«А я сижу здесь, – думал Джимми Херф, – и жажда печати горит во мне, как горчичник. Я сижу здесь, в оспинах печати». Он встал. Маленькая желтая собачка спала, свернувшись клубком под скамейкой. Маленькая желтая собачка выглядела очень счастливой.
– Мне нужно хорошенько выспаться, – сказал Джимми вслух.
– Что ты будешь делать с этой штукой, Дэтч? Ты ее продашь?
– Фрэнси, я не продам этого револьвера и за миллион долларов.
– Ради Бога, не говори о деньгах!.. Вот ты увидишь, какой-нибудь фараон заметит револьвер и арестует тебя.

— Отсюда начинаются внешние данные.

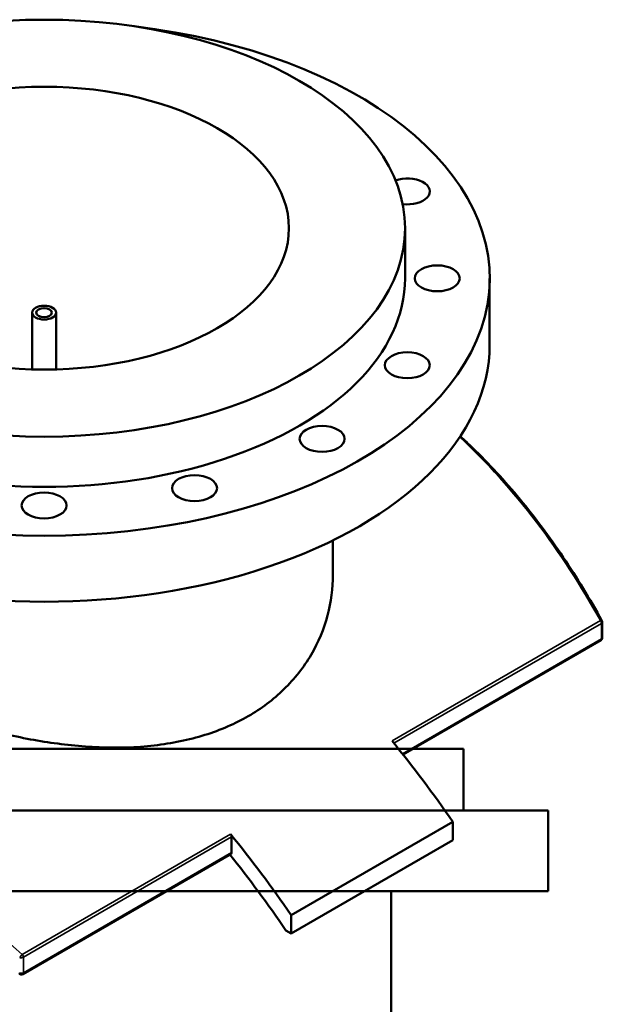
# Model space of a CAD drawing. Header units: millimetres. Extents: x -674 to 1237, y -345 to 969.
# Tile 12 of 12: x 848 to 1237, y 312 to 969. Entities that reach past the tile are written whole.
import ezdxf

# ---------------------------------------------------------------- set-up
doc = ezdxf.new("R2010")
doc.units = ezdxf.units.MM
doc.layers.add('Visible (ANSI)', color=7, linetype='Continuous', lineweight=50)
doc.layers.add('Visible Narrow (ANSI)', color=7, linetype='Continuous', lineweight=35)

msp = doc.modelspace()

# ---------------------------------------------------------------- linework, layer by layer
at = {"layer": 'Visible (ANSI)'}
for p, q in [((1105.4, 796.11), (1105.4, 829.59)), ((1161.9, 752.02), (1161.9, 796.11)), ((856.4, 735.3), (856.4, 773.25)), ((872.4, 735.3), (872.4, 773.25)), ((1057.2, 598.22), (1057.2, 621.21)), ((1237.12, 556.33), (1237.12, 566.67)), ((1236.12, 554.6), (1104.03, 478.34)), ((1144.38, 482.03), (662.38, 482.03)), ((1144.38, 441.03), (1144.38, 482.03)), ((1200.88, 441.03), (605.88, 441.03)), ((1200.88, 387.03), (1200.88, 441.03)), ((1137.27, 433.43), (1029.44, 371.18)), ((1137.27, 433.43), (1137.27, 421.19)), ((989.63, 412.96), (989.63, 423.3)), ((1137.27, 421.19), (1029.44, 358.93)), ((989.21, 412.05), (850.14, 331.75)), ((1200.88, 387.03), (605.88, 387.03)), ((1096.18, 217.03), (1096.18, 387.03)), ((1029.44, 358.93), (1029.44, 371.18)), ((1025.87, 360.99), (1029.44, 358.93))]:
    msp.add_line(p, q, dxfattribs=at)
for centre, start, end in [((1235.12, 566.67), 0, 28.99304), ((1235.12, 556.33), 300, 0), ((849.14, 333.49), 228.3553, 300)]:
    msp.add_arc(centre, 2, start, end, dxfattribs=at)
for centre, major_axis in [((864.4, 829.59), (241, 0)), ((864.4, 829.59), (163.5, 0)), ((1126.9, 796.11), (-15, 0)), ((864.4, 773.25), (8, 0)), ((864.4, 773.25), (5.2, 0)), ((1106.92, 738.11), (-15, 0)), ((1050.02, 688.95), (15, 0)), ((964.85, 656.09), (15, 0)), ((864.4, 644.56), (15, 0))]:
    msp.add_ellipse(centre, major_axis=major_axis, ratio=0.57735, dxfattribs=at)
for centre, major_axis, start_param, end_param in [((864.4, 796.11), (-297.5, 0), 4.915974, 10.791989), ((1106.92, 854.11), (15, 0), 4.502362, 8.410748), ((864.4, 796.11), (-241, 0), 0, 3.141593), ((864.4, 752.02), (-297.5, 0), 0, 3.141593), ((918.32, 223.85), (257.5, -446), 1.711115, 1.844149), ((988.21, 424.12), (1, -1.73), 0.785398, 1.844149), ((810.48, 161.59), (-257.5, 446), 4.852707, 4.985742), ((810.48, 161.59), (250, -433.01), 1.701154, 1.82872), ((988.21, 413.78), (1, -1.73), 0, 0.785398)]:
    msp.add_ellipse(centre, major_axis=major_axis, ratio=0.57735, start_param=start_param, end_param=end_param, dxfattribs=at)
for points, knots in [([(1236.87, 567.64), (1232.82, 574.96), (1228.64, 582.14), (1220.02, 596.25), (1215.59, 603.16), (1206.48, 616.68), (1201.79, 623.29), (1192.18, 636.19), (1187.25, 642.47), (1177.14, 654.69), (1171.96, 660.62), (1161.38, 672.12), (1155.97, 677.68), (1147.76, 685.65), (1145.05, 688.21), (1142.31, 690.72)], [7.06892, 7.06892, 7.06892, 7.06892, 9.723121, 9.723121, 12.377322, 12.377322, 15.031522, 15.031522, 17.685723, 17.685723, 20.339924, 20.339924, 22.994125, 22.994125, 24.28552, 24.28552, 24.28552, 24.28552]), ([(1000.73, 503.93), (996.4, 501.43), (991.8, 499.11), (982.11, 494.9), (977.03, 493.01), (961.14, 488.06), (949.72, 485.73), (925.98, 483.05), (913.63, 482.69), (888.85, 483.67), (876.42, 485), (852.39, 488.8), (839.96, 491.42), (815.18, 497.86), (802.83, 501.69), (779.07, 510.15), (767.65, 514.8), (751.77, 522.06), (746.68, 524.53), (736.99, 529.5), (732.39, 532.01), (723.75, 537), (719.56, 539.57), (711.59, 544.79), (707.79, 547.45), (697.15, 555.51), (691.03, 560.98), (681.25, 571.88), (677.56, 577.32), (672.74, 587.97), (671.6, 593.19), (671.6, 598.22)], [0, 0, 0, 0, 1.835863, 1.835863, 3.671727, 3.671727, 7.343454, 7.343454, 11.015181, 11.015181, 14.686908, 14.686908, 18.355844, 18.355844, 22.024779, 22.024779, 25.693715, 25.693715, 27.528182, 27.528182, 29.36265, 29.36265, 31.197118, 31.197118, 33.031586, 33.031586, 36.700521, 36.700521, 40.369457, 40.369457, 44.038392, 44.038392, 44.038392, 44.038392]), ([(1057.2, 598.22), (1057.2, 589.37), (1056.06, 580.21), (1051.24, 562.14), (1047.55, 553.24), (1037.77, 536.56), (1031.66, 528.77), (1021.01, 518.41), (1017.22, 515.17), (1009.24, 509.18), (1005.06, 506.43), (1000.73, 503.93)], [102.763693, 102.763693, 102.763693, 102.763693, 106.43542, 106.43542, 110.107147, 110.107147, 113.778874, 113.778874, 115.614737, 115.614737, 117.450601, 117.450601, 117.450601, 117.450601])]:
    msp.add_open_spline(points, degree=3, knots=knots, dxfattribs=at)
at = {"layer": 'Visible Narrow (ANSI)'}
for p, q in [((1235.81, 567.69), (1096.74, 487.4)), ((1097.99, 485.87), (1236.54, 565.85)), ((1236.54, 565.85), (1236.54, 555.52)), ((1236.54, 555.52), (1103.66, 478.8)), ((988.91, 425.14), (849.84, 344.85)), ((850.56, 343.01), (989.63, 423.3)), ((989.63, 412.96), (850.56, 332.67)), ((850.56, 332.67), (850.56, 343.01))]:
    msp.add_line(p, q, dxfattribs=at)
for centre, major_axis, ratio, start_param, end_param in [((1235.12, 566.67), (1.75, 0.97), 0.335178, 0, 0.987134), ((1235.12, 566.67), (1, -1.73), 0.57735, 0.785398, 1.844149), ((1235.12, 566.67), (2, 0), 0.57735, 5.497787, 6.283185), ((1235.12, 556.33), (1, -1.73), 0.57735, 0, 0.785398), ((1235.12, 556.33), (2, 0), 0.57735, 5.497787, 6.283185), ((849.14, 343.83), (-1.32, -1.51), 0.096116, 4.052137, 5.507092), ((849.14, 343.83), (2, 0), 0.57735, 4.165138, 5.497787), ((849.14, 343.83), (-1, 1.73), 0.57735, 3.926991, 4.985742), ((849.14, 333.49), (-1.33, -1.49), 0.087459, 5.507877, 6.283185), ((849.14, 333.49), (-2, 0), 0.57735, 1.023545, 2.356194), ((849.14, 333.49), (1, -1.73), 0.57735, 0, 0.785398)]:
    msp.add_ellipse(centre, major_axis=major_axis, ratio=ratio, start_param=start_param, end_param=end_param, dxfattribs=at)
for points, knots in [([(1141.89, 690.09), (1160.17, 673.23), (1177.3, 654.22), (1208.62, 613.09), (1222.86, 591.04), (1235.81, 567.69)], [-24.179136, -24.179136, -24.179136, -24.179136, -15.536561, -15.536561, -7.06892, -7.06892, -7.06892, -7.06892]), ([(849.84, 344.85), (828.61, 363.42), (806.96, 381.19), (762.18, 415.83), (739.05, 432.56), (693.69, 463.25), (671.47, 477.21), (650.15, 489.52), (628.83, 501.83), (608.42, 512.49), (570.09, 530.11), (552.17, 537.07), (519.97, 546.82), (505.54, 549.8), (492.44, 550.92)], [-55.365598, -55.365598, -55.365598, -55.365598, -46.897586, -46.897586, -37.887823, -37.887823, -28.878055, -28.878055, -28.878055, -19.868287, -19.868287, -10.858523, -10.858523, -2.270915, -2.270915, -2.270915, -2.270915])]:
    msp.add_open_spline(points, degree=3, knots=knots, dxfattribs=at)

doc.saveas('drawing.dxf')

– Еще не родился тот фараон, который арестует меня… Пожалуйста, забудь об этом.
Фрэнси захныкала:
– Дэтч, что мы делаем, что мы делаем…
Дэтч вдруг засунул револьвер в карман и вскочил. Он шагал вприпрыжку взад и вперед по асфальтовой дорожке. Был туманный серый вечер; летевшие по грязной дороге автомобили образовали бесконечную, переплетающуюся, мигающую паутину огней между скелетами кустов.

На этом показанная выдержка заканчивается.